* _Task objective_: The answer must consist only of the lines from the line with "Example of the" to the line with "- van from (315, 139) to (333, 149)", both included, exactly as they stand below.

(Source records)
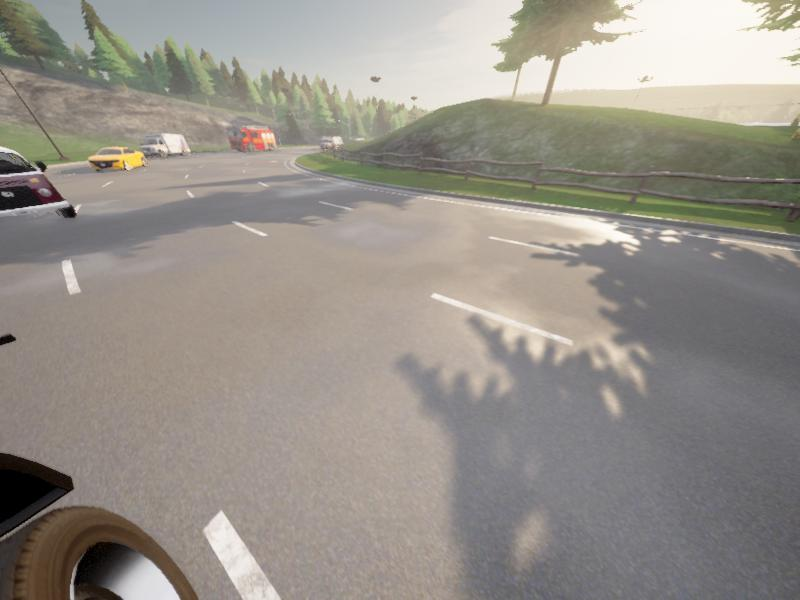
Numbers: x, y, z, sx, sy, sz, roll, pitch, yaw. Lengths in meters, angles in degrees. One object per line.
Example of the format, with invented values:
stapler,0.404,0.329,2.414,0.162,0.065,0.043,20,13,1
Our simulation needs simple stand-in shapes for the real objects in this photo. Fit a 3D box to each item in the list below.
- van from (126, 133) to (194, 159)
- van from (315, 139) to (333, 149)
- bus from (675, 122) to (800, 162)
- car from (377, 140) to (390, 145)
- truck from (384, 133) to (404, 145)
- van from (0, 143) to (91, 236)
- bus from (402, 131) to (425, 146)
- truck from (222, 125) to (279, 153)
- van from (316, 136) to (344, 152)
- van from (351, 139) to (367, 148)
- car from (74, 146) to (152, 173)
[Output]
van,-30.315,-19.763,29.660,2.351,2.431,6.366,-6,35,-4
van,-17.872,-36.987,54.714,1.775,1.987,4.442,9,36,12
bus,48.369,-22.570,32.987,10.273,4.253,3.944,21,40,26
car,-6.276,-60.640,88.889,2.152,1.651,5.027,21,40,26
truck,-2.201,-61.436,88.154,2.891,3.827,8.468,21,40,27
van,-12.384,-3.559,7.092,4.480,2.038,2.069,19,41,26
bus,5.077,-60.478,86.497,3.944,4.253,10.273,21,40,27
truck,-26.270,-28.857,41.425,2.891,3.827,8.468,8,36,11
van,-14.036,-31.667,46.794,2.351,2.431,6.366,9,36,12
van,-11.162,-42.855,63.119,2.069,2.038,4.480,13,37,17
car,-22.477,-11.316,18.455,1.882,1.535,5.008,-14,37,-19
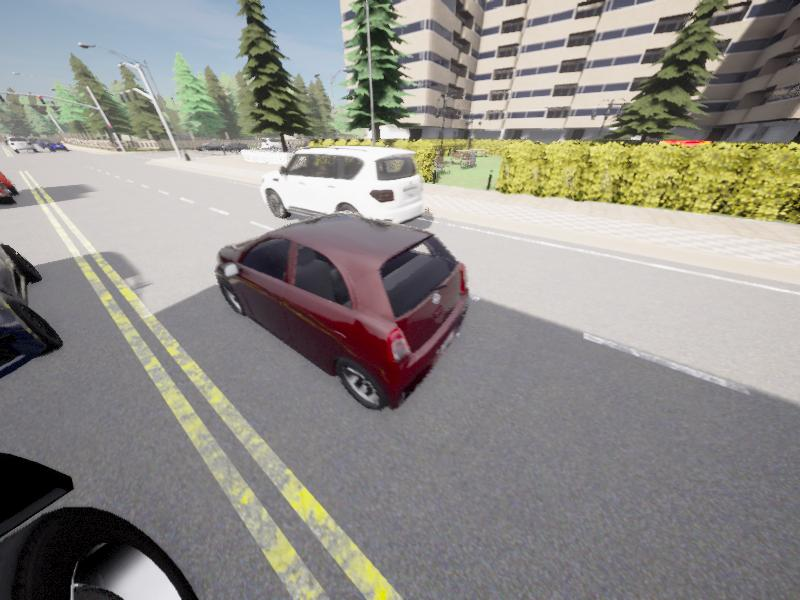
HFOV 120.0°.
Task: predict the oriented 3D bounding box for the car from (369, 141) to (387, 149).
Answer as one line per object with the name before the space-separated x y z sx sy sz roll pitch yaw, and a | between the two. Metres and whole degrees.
car | -5.342 -38.132 56.743 1.812 1.442 4.674 22 41 28

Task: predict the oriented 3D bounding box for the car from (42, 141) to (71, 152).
car | -59.096 -26.450 39.743 4.514 1.525 2.007 22 41 28

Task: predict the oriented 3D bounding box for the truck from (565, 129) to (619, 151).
truck | 43.131 -36.259 52.283 8.468 3.827 2.891 22 41 28

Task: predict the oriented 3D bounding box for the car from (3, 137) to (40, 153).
car | -60.300 -24.717 36.770 5.566 2.045 2.150 22 41 28

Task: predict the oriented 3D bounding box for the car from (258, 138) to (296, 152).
car | -22.168 -28.145 41.917 2.150 2.045 5.566 22 40 28

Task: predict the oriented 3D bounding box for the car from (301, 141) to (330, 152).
car | -16.086 -29.434 44.157 2.033 1.649 4.856 22 41 28

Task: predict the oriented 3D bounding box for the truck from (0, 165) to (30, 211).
truck | -17.015 -4.801 8.457 5.204 2.467 2.627 22 41 28

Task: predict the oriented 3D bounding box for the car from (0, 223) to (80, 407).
car | -6.269 -0.091 2.552 4.611 1.667 2.242 22 41 28

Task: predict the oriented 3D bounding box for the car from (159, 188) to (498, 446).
car | -0.997 -0.356 3.079 3.633 1.501 1.845 22 41 28

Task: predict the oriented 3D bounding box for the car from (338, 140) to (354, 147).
car | -14.270 -41.415 61.230 1.845 1.501 3.633 22 41 28

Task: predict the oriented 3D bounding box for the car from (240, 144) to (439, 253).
car | -1.924 -3.405 6.955 5.566 2.045 2.150 22 41 28

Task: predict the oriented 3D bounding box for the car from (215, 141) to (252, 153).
car | -28.537 -26.277 39.670 2.007 1.525 4.514 22 41 28

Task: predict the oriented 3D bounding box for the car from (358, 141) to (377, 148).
car | -8.199 -39.329 58.372 1.837 1.490 4.892 22 41 28

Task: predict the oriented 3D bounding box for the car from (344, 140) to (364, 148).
car | -11.712 -39.982 59.243 2.242 1.667 4.611 22 41 28

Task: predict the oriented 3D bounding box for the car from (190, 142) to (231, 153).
car | -32.573 -26.451 39.926 2.163 1.488 4.792 22 41 28
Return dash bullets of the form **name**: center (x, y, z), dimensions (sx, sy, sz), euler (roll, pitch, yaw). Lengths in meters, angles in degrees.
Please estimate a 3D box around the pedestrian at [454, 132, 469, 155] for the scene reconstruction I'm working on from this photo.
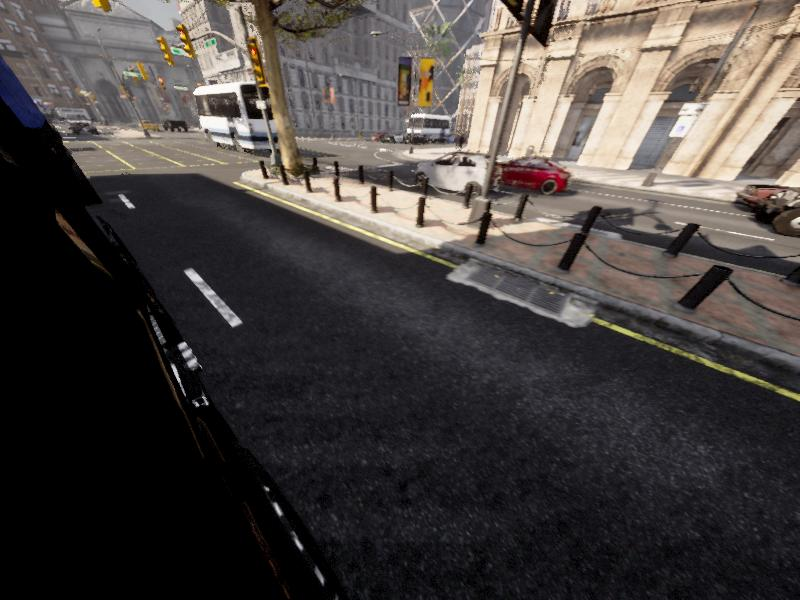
- **pedestrian**: center (6.069, -15.488, 22.930), dimensions (0.751, 1.860, 0.751), euler (-15, 40, -22)

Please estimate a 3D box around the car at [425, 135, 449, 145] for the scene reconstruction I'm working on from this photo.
- **car**: center (6.688, -28.518, 41.174), dimensions (1.895, 1.301, 4.718), euler (28, 44, 30)

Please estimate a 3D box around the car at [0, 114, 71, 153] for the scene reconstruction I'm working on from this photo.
- **car**: center (-24.712, -10.328, 14.289), dimensions (1.932, 1.855, 4.605), euler (28, 44, 30)

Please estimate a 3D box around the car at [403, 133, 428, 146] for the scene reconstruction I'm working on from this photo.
- **car**: center (2.522, -25.735, 37.027), dimensions (1.816, 1.474, 4.193), euler (28, 43, 30)

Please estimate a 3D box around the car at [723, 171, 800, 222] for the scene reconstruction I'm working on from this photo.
- **car**: center (15.831, -3.495, 8.277), dimensions (4.718, 1.301, 1.895), euler (28, 43, 30)

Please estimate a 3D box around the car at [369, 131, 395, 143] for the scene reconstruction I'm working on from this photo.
- **car**: center (-3.042, -28.428, 40.292), dimensions (1.812, 1.442, 4.674), euler (28, 43, 30)

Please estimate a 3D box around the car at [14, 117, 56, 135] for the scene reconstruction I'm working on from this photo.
- **car**: center (-41.731, -19.982, 26.500), dimensions (5.357, 1.411, 2.033), euler (28, 44, 30)

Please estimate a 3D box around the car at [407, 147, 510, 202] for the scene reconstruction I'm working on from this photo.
- **car**: center (2.355, -5.510, 9.904), dimensions (3.633, 1.501, 1.845), euler (28, 44, 30)

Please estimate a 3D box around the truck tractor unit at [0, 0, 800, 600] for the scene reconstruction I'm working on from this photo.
- **truck tractor unit**: center (-2.645, -0.295, 0.351), dimensions (6.516, 4.208, 3.053), euler (28, 44, 30)

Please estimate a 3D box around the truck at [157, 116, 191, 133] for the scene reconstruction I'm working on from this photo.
- **truck**: center (-39.983, -31.055, 40.843), dimensions (6.274, 2.098, 2.390), euler (28, 44, 30)

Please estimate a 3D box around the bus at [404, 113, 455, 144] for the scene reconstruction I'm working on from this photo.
- **bus**: center (5.634, -32.101, 43.429), dimensions (3.944, 4.253, 10.273), euler (28, 44, 30)

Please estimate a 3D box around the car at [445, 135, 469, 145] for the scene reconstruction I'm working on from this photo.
- **car**: center (11.290, -31.679, 45.623), dimensions (2.033, 1.411, 5.357), euler (28, 44, 30)

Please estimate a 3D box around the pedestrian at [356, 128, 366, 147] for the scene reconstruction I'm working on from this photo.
- **pedestrian**: center (-4.898, -20.475, 29.140), dimensions (0.751, 1.860, 0.751), euler (28, 43, 30)

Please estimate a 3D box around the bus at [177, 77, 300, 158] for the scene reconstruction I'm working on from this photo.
- **bus**: center (-13.479, -14.971, 19.258), dimensions (10.273, 4.253, 3.944), euler (28, 44, 30)

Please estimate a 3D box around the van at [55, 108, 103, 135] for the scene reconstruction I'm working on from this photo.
- **van**: center (-39.818, -22.119, 28.620), dimensions (6.366, 2.431, 2.351), euler (28, 44, 30)

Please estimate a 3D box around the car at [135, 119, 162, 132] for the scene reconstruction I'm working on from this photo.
- **car**: center (-42.319, -29.355, 38.849), dimensions (5.366, 1.575, 1.801), euler (28, 44, 30)

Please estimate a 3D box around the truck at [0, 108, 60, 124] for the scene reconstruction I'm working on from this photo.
- **truck**: center (-74.209, -36.730, 46.194), dimensions (6.274, 2.098, 2.390), euler (-21, 43, -28)

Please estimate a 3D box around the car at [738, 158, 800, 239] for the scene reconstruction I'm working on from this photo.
- **car**: center (13.301, -2.547, 6.354), dimensions (3.866, 1.878, 1.905), euler (28, 44, 30)

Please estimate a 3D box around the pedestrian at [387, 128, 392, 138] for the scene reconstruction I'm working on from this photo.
- **pedestrian**: center (-2.313, -37.926, 52.408), dimensions (0.751, 1.860, 0.751), euler (-25, 45, -32)

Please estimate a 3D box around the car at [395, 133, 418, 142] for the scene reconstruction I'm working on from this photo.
- **car**: center (1.324, -31.385, 44.660), dimensions (1.895, 1.301, 4.718), euler (28, 44, 30)

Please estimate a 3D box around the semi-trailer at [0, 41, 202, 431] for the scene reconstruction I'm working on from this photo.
- **semi-trailer**: center (-8.702, -3.605, 4.222), dimensions (14.254, 4.402, 2.717), euler (28, 44, 30)

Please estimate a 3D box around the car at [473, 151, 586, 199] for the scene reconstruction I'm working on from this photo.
- **car**: center (6.068, -6.190, 11.193), dimensions (4.181, 1.385, 1.994), euler (28, 44, 30)

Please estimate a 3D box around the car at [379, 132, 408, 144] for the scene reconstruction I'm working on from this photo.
- **car**: center (-1.037, -26.570, 37.864), dimensions (2.038, 1.542, 4.974), euler (28, 43, 29)

* _Task response_:
Example of the format, with invented values:
stapler,0.404,0.329,2.414,0.162,0.065,0.043,20,13,1
Our simulation needs simple stand-in shapes for the real objects in this photo. Fit a 3D box to each item in the list below.
- van from (126, 133) to (194, 159)
- van from (315, 139) to (333, 149)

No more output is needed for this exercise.